What is the nursing intervention for verticulitis

Diverticulitis (diverticular disease)


Diverticula are protrusions of the intestinal wall, preferably in the left-hand colon (sigmoid diverticulosis), but also on the right-hand side or affecting the entire colon. The frequency of diverticula increases with age. More than 70% of people over the age of 70 have diverticula, but young people can also have diverticula.

Symptoms / complaints

The cause is a combination of increased intestinal pressure, constipation, a low-fiber diet and weak connective tissue. Diverticulosis in itself has no disease value. Only the inflammation of the diverticula with the following symptoms make the diverticulum carrier a diverticulitis patient (sigmoid diverticulitis):

  • Pain in the (left) lower abdomen
  • fever
  • pressure-sensitive "roller"
  • increased signs of inflammation


Inflamed diverticula can burst (perforation). If this happens in the free abdominal cavity, a potentially dangerous peritonitis develops, otherwise an abscess develops. If the episodes of inflammation are repeated, the intestine can become constricted (stenosis) with the risk of intestinal obstruction (ileus). Furthermore, connections (fistulas) to the urinary bladder or vagina can develop or bleeding from the intestine can also occur.


With a computed tomography of the abdomen, it is very likely that diverticulitis can be differentiated from other diseases and targeted treatment can be initiated. In addition, a colonoscopy should be performed to assess the intestinal mucosa and to rule out an intestinal tumor. Even after the acute inflammation has subsided, this examination is necessary for planning the further course of action.

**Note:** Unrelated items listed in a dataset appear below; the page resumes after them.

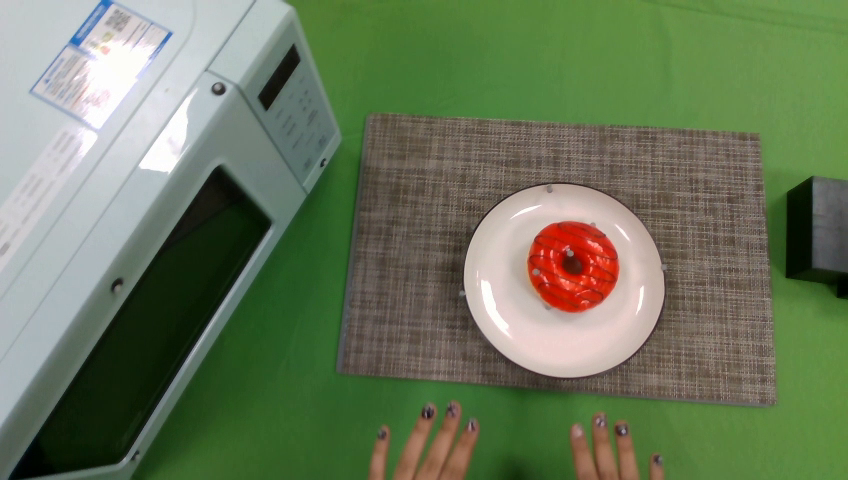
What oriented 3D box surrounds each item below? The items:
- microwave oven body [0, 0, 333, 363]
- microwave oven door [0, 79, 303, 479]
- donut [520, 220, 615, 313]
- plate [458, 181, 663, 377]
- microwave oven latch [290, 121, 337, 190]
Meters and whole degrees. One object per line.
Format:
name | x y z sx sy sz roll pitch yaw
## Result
microwave oven body | -0.344 -0.038 0.555 0.325 0.261 0.440 28 79 7
microwave oven door | -0.235 0.063 0.521 0.039 0.245 0.355 27 78 9
donut | 0.149 0.027 0.630 0.099 0.048 0.098 0 77 -1
plate | 0.141 0.040 0.638 0.209 0.038 0.208 0 75 1
microwave oven latch | -0.125 -0.097 0.665 0.030 0.029 0.079 28 79 8

Mild inflammation, especially during the first attack, is treated conservatively (non-surgically) with antibiotics. This is followed by diagnostics and, if necessary, measures to regulate the stool.

More severe inflammations lead to inpatient hospital treatment. If a perforation can be ruled out, non-surgical antibiotic treatment with infusion therapy takes place here as well.

In the case of recurrent attacks or severe inflammation, the risk of complications increases, so that a planned operation is indicated here.


The planned operation can often be performed minimally invasively with a laparoscopy (laparoscopic resection).

The diseased part of the large intestine is removed with the help of a video camera using 4 - 5 small incisions, which is then recovered from the abdominal cavity via a small incision in the pubic area. The intestine is reunited (anastomosis) with a stapler inserted through the anus. In individual cases, it may be necessary to create a protective outlet from the small intestine (protective ileostomy). This stoma can usually be resolved after 4 - 6 weeks with a small operation.

There may be reasons for an open operation (previous operations, adhesions, pronounced diverticulitis). This is then performed via a straight or transverse abdominal incision in the middle (conventional surgery).


As a rule, a rapid, gradual increase in diet is carried out after the operation. Depending on the severity of the operation and any previous illnesses, a stay in the intensive care unit may be necessary, but this is not the rule. Once the diet and wound healing have been completed after the laparoscopic operation, the patient can often leave the hospital after 4 - 8 days. Due to the small incisions, physical restraint is not necessary for a long time.

In the case of open surgery or emergency procedures, the recovery process naturally takes longer. A further diet is generally not necessary; attention should be paid to a healthy diet, sufficient exercise and fluid intake, and if necessary also to measures to soften or regulate the stool.